Stock Market Trends: Is a Mini-Correction Coming?
Last week, the stock market spun in place. The NASDAQ finished a little more than four points lower than where it closed the previous week, the Dow shed roughly 14 points, and the S&P moved down roughly five – definitely not an exciting week.
However, the indexes did put on a good volume show as options expired on Friday. It was one of the most active days of 2012. Sometimes, spikes in volume mark tops and bottoms. Folks who have been hanging on to profitable stocks get an itchy trigger finger and the profit-taking correction begins. I am not 100% sure that a string of red days is ahead just yet, but it is something to monitor.
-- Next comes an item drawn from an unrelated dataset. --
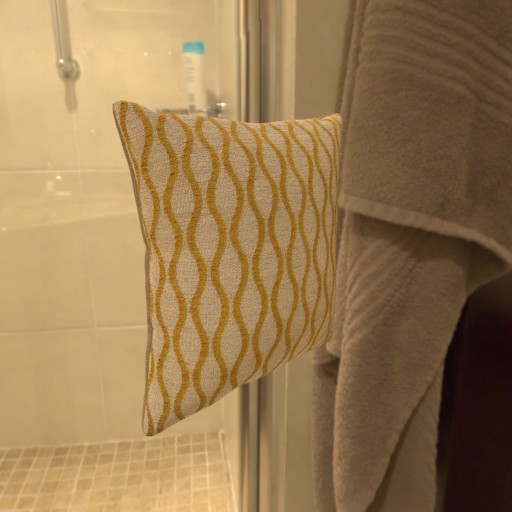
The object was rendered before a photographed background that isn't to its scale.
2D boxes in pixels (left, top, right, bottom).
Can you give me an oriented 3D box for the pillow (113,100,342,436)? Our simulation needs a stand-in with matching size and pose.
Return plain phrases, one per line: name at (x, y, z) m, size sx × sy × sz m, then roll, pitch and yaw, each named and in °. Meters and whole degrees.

What does concern me is our market measuring sticks. I am starting to see our short and medium term indicators weaken. Our shortest model reveals that momentum in waning. The reading remains “buy”; however, the weekly score has moved underwater and another flat to down week would flip the overall score to sell. That’s how close to the line it is.
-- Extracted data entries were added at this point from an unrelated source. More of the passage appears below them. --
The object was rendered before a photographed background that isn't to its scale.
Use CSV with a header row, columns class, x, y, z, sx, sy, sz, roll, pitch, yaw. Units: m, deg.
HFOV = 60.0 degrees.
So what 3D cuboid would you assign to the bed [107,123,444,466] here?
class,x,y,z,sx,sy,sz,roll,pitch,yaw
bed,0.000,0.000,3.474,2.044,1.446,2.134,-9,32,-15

At ETF Stocks, our Market Leadership scorecard is in the “buy” zone, too, but like momentum, barely. The leadership indicator monitors the 10 week performance of the indexes, and we use a proprietary ranking system to determine if the indexes are in “buy”, “sell”, or “hold” positions. Much like the momentum model, leadership is a few negative days or another week of flat trading away from turning sour.
ETF Stocks longest measuring stick determines if the indexes are in a sideways, bullish, or bearish trend and volatility. From our point of view, a bullish volatile reading has been the most rewarding as stock aggressively pop and selloffs are short and mild.
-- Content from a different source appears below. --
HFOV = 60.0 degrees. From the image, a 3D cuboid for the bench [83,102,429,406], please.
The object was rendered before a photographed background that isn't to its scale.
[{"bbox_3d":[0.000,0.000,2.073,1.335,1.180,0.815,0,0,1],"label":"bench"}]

The indexes have a lot of goodwill stored up, and it will take roughly a 5% move south in the week ahead for our TYPE model to switch to a sideways reading. As for volatility, minus two outbursts, the range from top to bottom has steadily declined since July. Last week’s couch potato status for Wall Street provided the smallest percent difference form the week’s high and low marks in nearly two years.
Based on the picture our models are painting, ETF Stocks believes a minor correction could be in store. However, the uptrend remains intact. A red tape could be nothing more than a mini-move within the larger move higher. In that case, rather than selling short or taking defensive measures, investors might be better off buying the dips(s).
We would suggest focusing on key moving-averages as points of entry. The 12-day mark has held up fairly well for the NASDAQ as the index has not fallen much below the dozen day trend-line since the start of August. If NASDAQ makes its way to 3,150ish, investors might consider nibbling with new money.